From a policy perspective, the findings emphasise that the renewable energy transition should be approached not only as an environmental priority but also as a socio-economic development strategy. Policymakers should integrate renewable energy policies with broader human development and labour market objectives to maximise synergies between clean energy, job creation, and social inclusion. For instance, promoting green skills and vocational training (SDG 4: Quality Education) can strengthen the labour force’s capacity to adapt to the energy transition, while supporting innovation in renewable technologies can foster competitiveness and economic resilience.

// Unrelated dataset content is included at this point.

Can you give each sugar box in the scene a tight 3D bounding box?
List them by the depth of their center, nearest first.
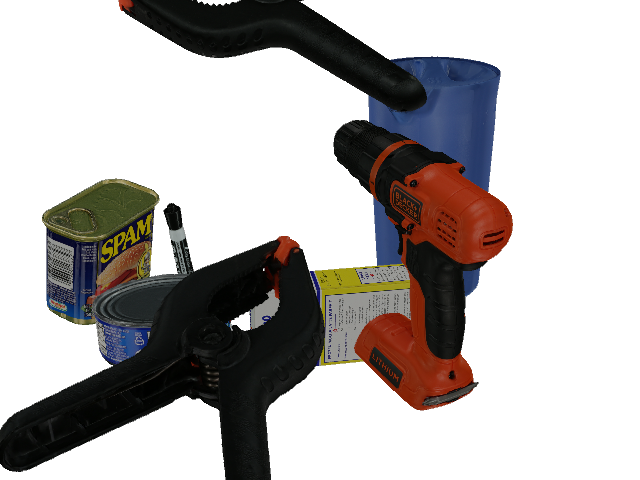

Furthermore, European energy and regional policies, such as the EU Green Deal, the Fit for 55 package, and the Just Transition Mechanism, offer valuable frameworks for operationalising these goals. Governments should ensure that renewable energy investments are equitably distributed, particularly in rural and peripheral areas, to mitigate social disparities and prevent unequal access to the benefits of the green transition, thereby advancing SDG 10 (Reduced Inequalities). By encouraging public–private partnerships and community-led renewable energy projects, policymakers can enhance social acceptance, democratise energy access, and create inclusive growth pathways.

A key implication of this research is that renewable energy policy must be territorially sensitive and socially inclusive. Investments in renewable infrastructure should be accompanied by initiatives that improve local infrastructure, promote entrepreneurship, and strengthen institutional capacity to manage the transition effectively. In this sense, renewable energy can act as both a driver and a consequence of sustainable development, reinforcing the virtuous cycle between clean energy adoption, human development, and economic opportunity.

The present work has limitations, and due to data limitations, the analyses are based on some aggregate parameters and estimated parameters, which may mask local heterogeneity and measurement issues. In addition, some relevant factors, such as specific policy measures, energy prices, and technological changes, could not be fully incorporated, and endogeneity concerns may persist despite the dynamic panel approach.

For future research, further examination of the interplay between renewable energy consumption, labour market dynamics, and economic activity is encouraged. Expanding this analysis could clarify the mechanisms through which renewable energy contributes to employment, productivity, and regional resilience, providing additional evidence for policies that balance environmental sustainability with inclusive economic growth.